It is not suggested that Graham had any notion of Ham’s secular obsessions or that he was aware of anything except “the majesty of God, I think, that hit me as I heard Ham preach about it.” Graham’s own conversion shares the peculiarity of his later evangelistic successes: the conversion of people already pious Christians. In the crusades, it is not reckoned that Jew or Moslem or Hindu will depart from error and it is hard not to believe that most of the thousands entering the tabernacle, astrodome, or playing field are more than “almost persuaded” as they enter. The “coming forth” to sign with Christ as your “personal Savior” is what the event is all about. It takes up most of the time when the lines are long, as they usually are.
Pauline, the first love, could not go along with the way salvation took hold of Graham, and she eventually “married an army aviator…who soon joined Cal-Tex Oil. Her life with him then proceeded as an uninterrupted thirty-year gambol of champagne receptions in Singapore patio gardens, sundown parties on the jasmine-spilled terraces of Kuala Lumpur.”
The conversion meant preaching, Bob Jones College, and later the Florida Bible Institute where Graham met Emily, a plausible religious girl, but alas another heartache. Emily gradually began to “evince certain signs of restiveness.” When she broke with him, the expression on Graham’s face “was that of a harpooned seal.” Traumas gathered but never without the provision of the instruction that might be gained from them. At the Bible Institute two young Christians were discovered in a situation of “serious moral defection.” Proper deportment in matters of language, smoking, drinking, and sex as the message of the Crucifixion no doubt did not begin with the shock at the Institute. In such matters, Graham always seems to be relearning what he has always known.
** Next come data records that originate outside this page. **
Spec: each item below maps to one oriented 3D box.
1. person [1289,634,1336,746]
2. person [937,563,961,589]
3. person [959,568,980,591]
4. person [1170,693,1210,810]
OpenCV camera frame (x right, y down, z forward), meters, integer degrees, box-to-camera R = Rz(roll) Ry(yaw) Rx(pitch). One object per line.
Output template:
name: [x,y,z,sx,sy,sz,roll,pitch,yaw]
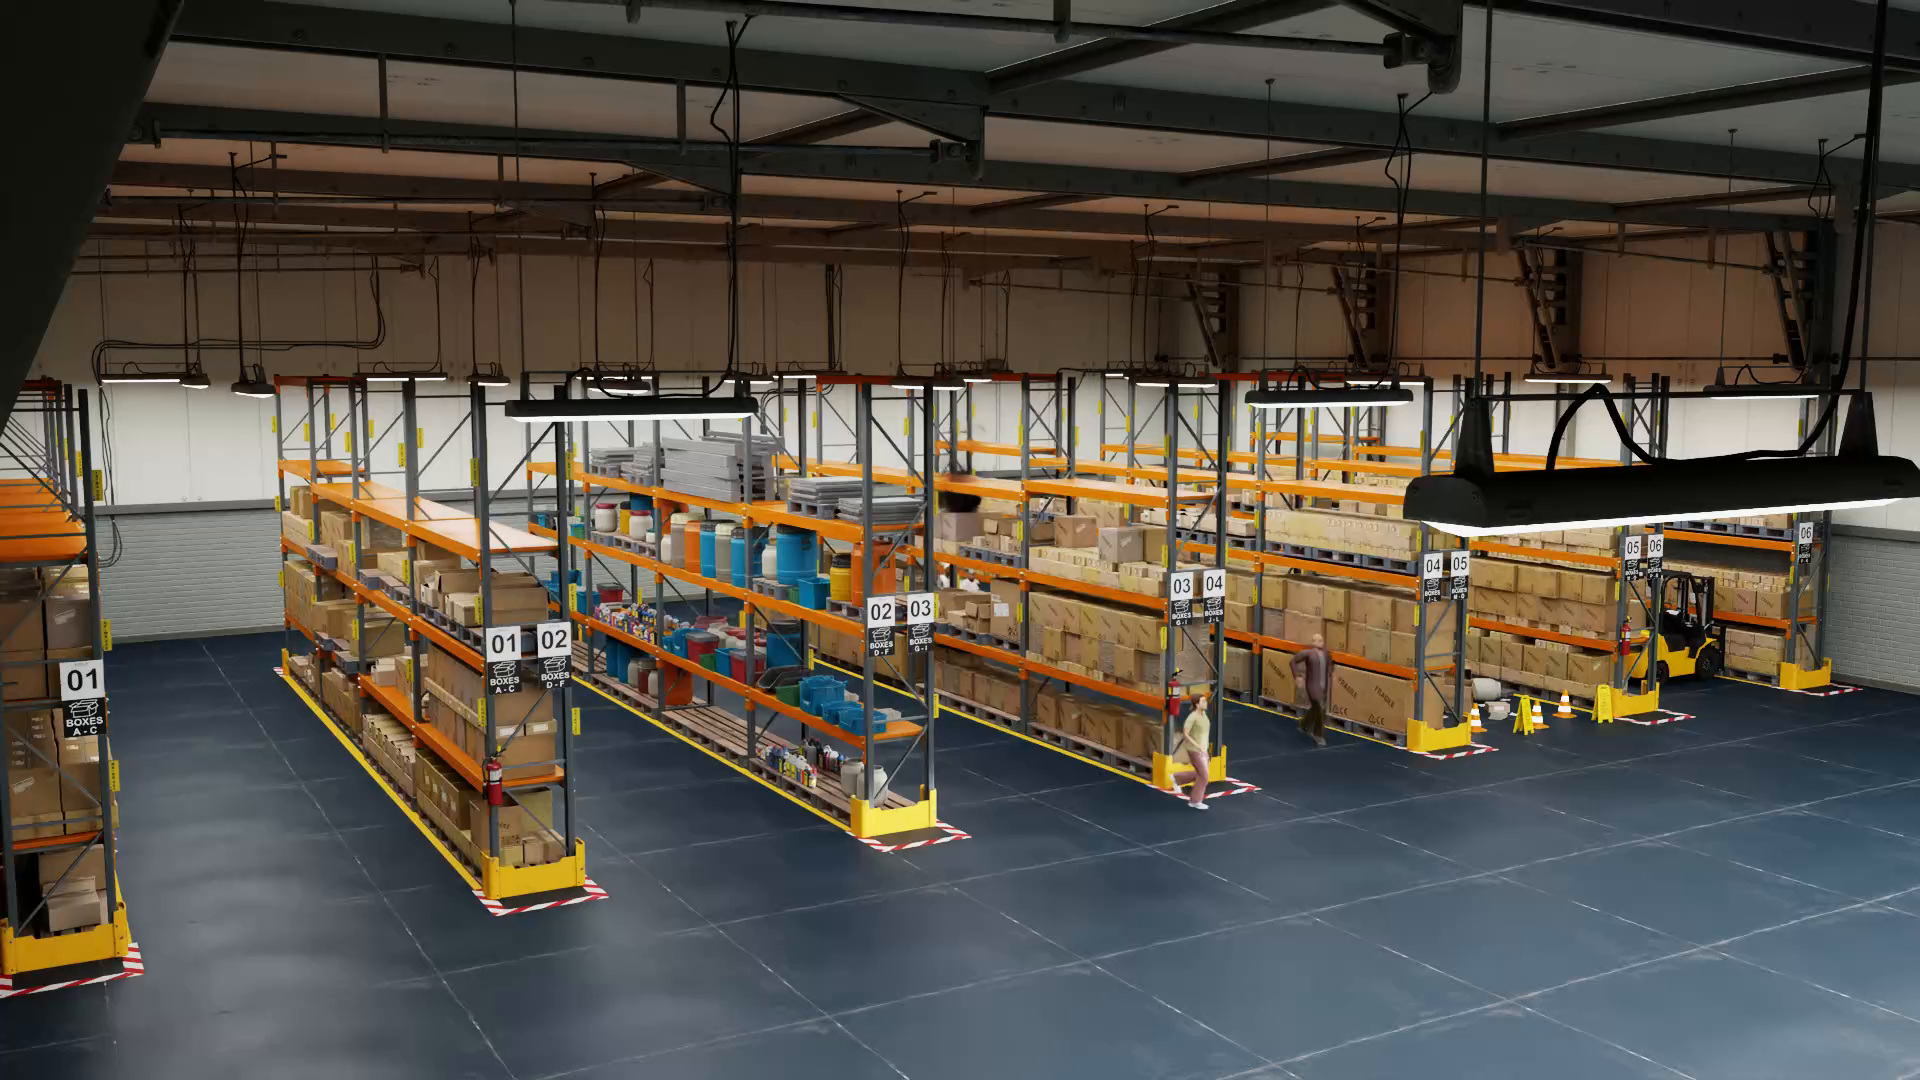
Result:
person: [5.866,2.465,27.489,0.734,1.846,0.792,-4,7,-32]
person: [-0.241,1.369,37.548,0.703,1.745,0.669,-3,7,-24]
person: [0.286,1.466,36.530,0.640,1.760,0.645,-3,7,-28]
person: [3.265,2.957,23.517,0.620,1.640,0.583,4,7,32]

Graham found his mate in Ruth Bell, found her at Wheaton College in Illinois, “a doctrinal evangelical conservatory set in the tawny plains south of Chicago.” She was the daughter of Presbyterian missionaries in China, “born in the muddy provincial city of Tsingkiangpu in the wind-raked reaches of northeastern China.” Ruth seems to have had every quality hoped for. “Reared in such a running hyperbolic moral dialectic between their own churchly decorums and the lurid brutishness [of China] around them, Ruth and her sister were instilled somewhat precociously with a rather livid sense of righteousness and perdition.” One of Ruth’s uses for Graham turned out to be the very circumstances of the geography of her birth. It provided, then and now, a nice ornamental root of Chinese place names and exotic missionary anecdote to the scrabby shrub of Graham’s written and spoken discourse. “My wife, who was born and raised in China, recalls that in her childhood days tigers lived in the mountains.” And so on.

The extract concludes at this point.